US 11,966,835 B2
Deep neural network accelerator with fine-grained parallelism discovery
Ching-En Lee, Ann Arbor, MI (US); Yakun Shao, Santa Clara, CA (US); Angshuman Parashar, Northborough, MA (US); Joel Emer, Acton, MA (US); and Stephen W. Keckler, Austin, TX (US)
Assigned to NVIDIA CORP., Santa Clara, CA (US)
Filed by NVIDIA Corp., Santa Clara, CA (US)
Filed on Jan. 23, 2019, as Appl. No. 15/929,093.
Claims priority of provisional application 62/680,978, filed on Jun. 5, 2018.
Prior Publication US 2019/0370645 A1, Dec. 5, 2019
Int. Cl. G06N 3/08 (2023.01); G06N 3/04 (2023.01)

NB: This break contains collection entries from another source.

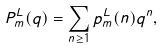<formula> <loc_0><loc_0><loc_500><loc_500>P _ { m } ^ { L } ( q ) = \sum _ { n \geq 1 } p _ { m } ^ { L } ( n ) q ^ { n } ,</formula> 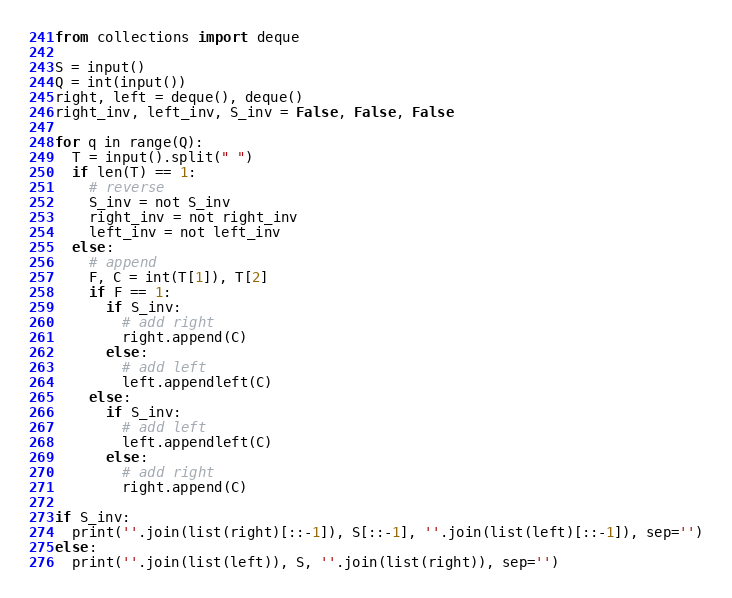Convert code to text. <code><loc_0><loc_0><loc_500><loc_500><_Python_>from collections import deque

S = input()
Q = int(input())
right, left = deque(), deque()
right_inv, left_inv, S_inv = False, False, False

for q in range(Q):
  T = input().split(" ")
  if len(T) == 1:
    # reverse
    S_inv = not S_inv
    right_inv = not right_inv
    left_inv = not left_inv
  else:
    # append
    F, C = int(T[1]), T[2]
    if F == 1:
      if S_inv:
        # add right
        right.append(C)
      else:
        # add left
        left.appendleft(C)
    else:
      if S_inv:
        # add left
        left.appendleft(C)
      else:
        # add right
        right.append(C)

if S_inv:
  print(''.join(list(right)[::-1]), S[::-1], ''.join(list(left)[::-1]), sep='')
else:
  print(''.join(list(left)), S, ''.join(list(right)), sep='')</code> 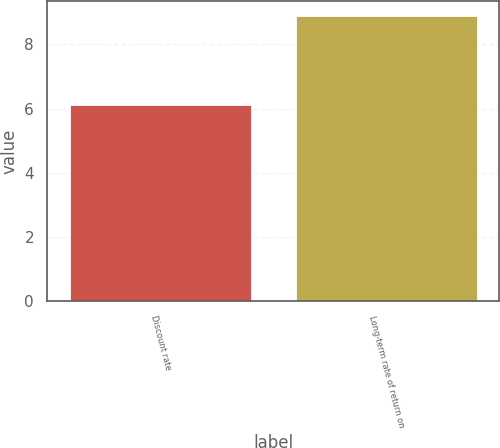Convert chart to OTSL. <chart><loc_0><loc_0><loc_500><loc_500><bar_chart><fcel>Discount rate<fcel>Long-term rate of return on<nl><fcel>6.1<fcel>8.9<nl></chart> 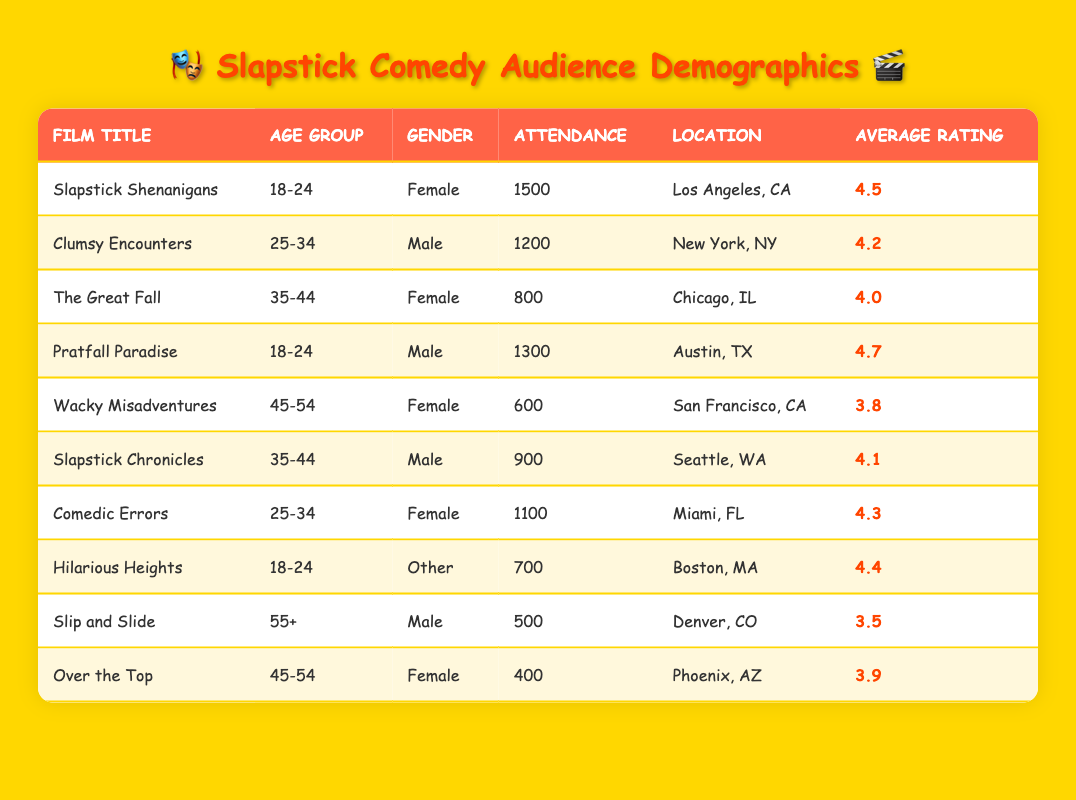What was the average attendance for films targeted at the 18-24 age group? The films targeted at the 18-24 age group are "Slapstick Shenanigans" with an attendance of 1500, "Pratfall Paradise" with an attendance of 1300, and "Hilarious Heights" with an attendance of 700. To find the average, we sum these values: 1500 + 1300 + 700 = 3500. Then we divide by the number of films (3), resulting in an average attendance of 3500 / 3 = 1166.67.
Answer: 1166.67 Which film had the highest average rating among female audiences? "Slapstick Shenanigans" had an average rating of 4.5 (attendance 1500), "The Great Fall" had 4.0 (attendance 800), "Comedic Errors" had 4.3 (attendance 1100), "Wacky Misadventures" had 3.8 (attendance 600), and "Over the Top" had 3.9 (attendance 400). The highest rating among these is 4.5 from "Slapstick Shenanigans."
Answer: Slapstick Shenanigans Did any films screened in 2022 receive an average rating of 4.5 or higher? Yes, the following films received an average rating of 4.5 or higher: "Slapstick Shenanigans" (4.5), "Pratfall Paradise" (4.7), and "Hilarious Heights" (4.4). Therefore, there are films with ratings of 4.5 and above.
Answer: Yes Which age group had the lowest attendance across all films? The films with the lowest attendance are "Over the Top" (400) for the age group 45-54, "Slip and Slide" (500) for the age group 55+, and "Wacky Misadventures" (600) for the age group 45-54. The lowest attendance of 400 belongs to the 45-54 age group in "Over the Top."
Answer: 400 What is the total attendance for male audiences across all films? The male audience attendance includes "Clumsy Encounters" (1200), "Pratfall Paradise" (1300), "Slapstick Chronicles" (900), and "Slip and Slide" (500). Adding these together gives us 1200 + 1300 + 900 + 500 = 3900.
Answer: 3900 Which location had the highest attendance for a film in 2022? The highest attendance was for "Slapstick Shenanigans" in Los Angeles, CA with 1500 attendees. Other films have lower attendance: "Clumsy Encounters" in New York, NY had 1200. So, Los Angeles is the highest at 1500.
Answer: Los Angeles, CA What is the difference in attendance between the films with the title "Over the Top" and "Slapstick Shenanigans"? "Over the Top" had an attendance of 400, while "Slapstick Shenanigans" had 1500. The difference in attendance is calculated by subtracting the smaller from the larger: 1500 - 400 = 1100.
Answer: 1100 Are there more male or female attendees across all films? Total female attendance includes: "Slapstick Shenanigans" (1500), "The Great Fall" (800), "Comedic Errors" (1100), "Wacky Misadventures" (600), and "Over the Top" (400), summing to 1500 + 800 + 1100 + 600 + 400 = 4400. Male attendance includes: "Clumsy Encounters" (1200), "Pratfall Paradise" (1300), "Slapstick Chronicles" (900), and "Slip and Slide" (500), summing to 1200 + 1300 + 900 + 500 = 3900. Since 4400 > 3900, there are more female attendees.
Answer: Yes 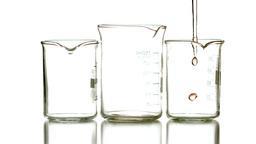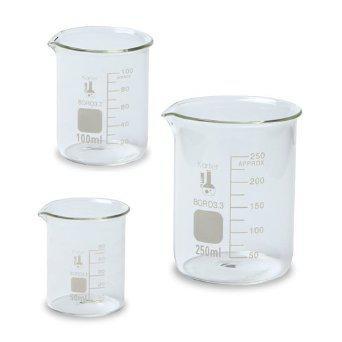The first image is the image on the left, the second image is the image on the right. For the images shown, is this caption "All of the measuring containers appear to be empty of liquid." true? Answer yes or no. No. The first image is the image on the left, the second image is the image on the right. For the images shown, is this caption "There are at most two beakers." true? Answer yes or no. No. 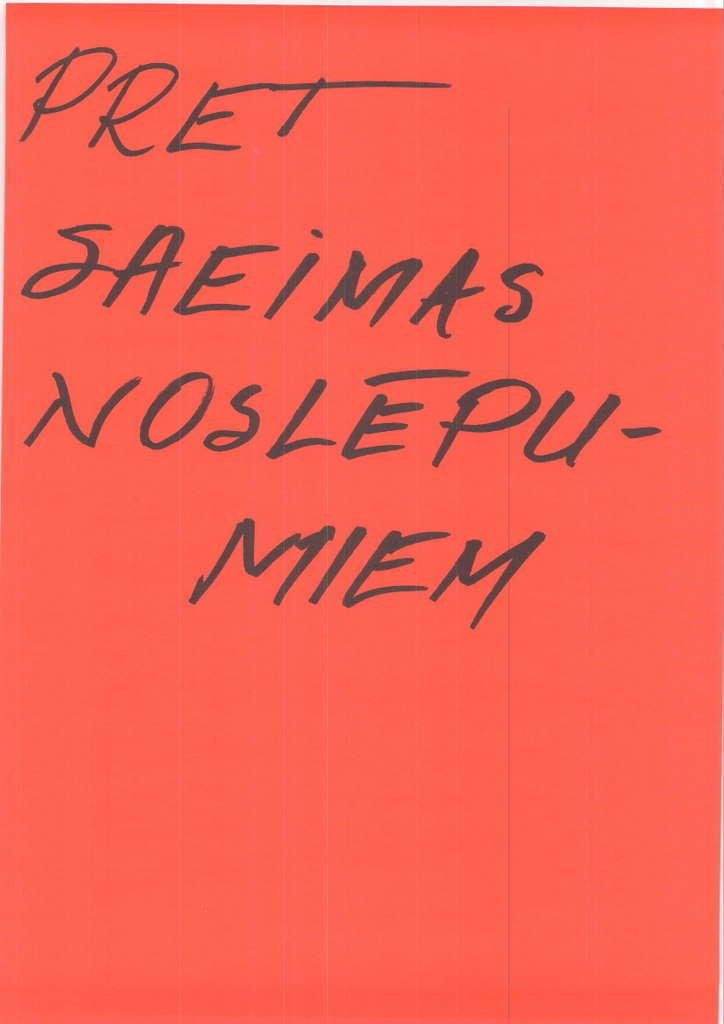<image>
Provide a brief description of the given image. the name pret that has a red background

CPC G06N 3/08 (2013.01) [G06N 3/04 (2013.01)] 20 Claims
OG exemplary drawing
 
1. A deep learning network accelerator comprising:
an encoder to compress an input activation vector and a weight vector to reduce sparsity therein, thereby generating a compressed input activation vector and a compressed weight vector;
a parallelism discovery unit to compare coordinate indexes for the compressed weight vector and for the compressed input activation vector to generate matching pairs of coordinate indexes;
a decoder to generate column selects and row selects from the matching pairs, the column selects and row selects comprising validity markers and addresses for the matching coordinate indexes; and
an array of computing elements to receive the column selects and the row selects from the decoder and to transform the column selects, the row selects, the compressed input activation vector, and the compressed weight vector into output activations of a deep learning network.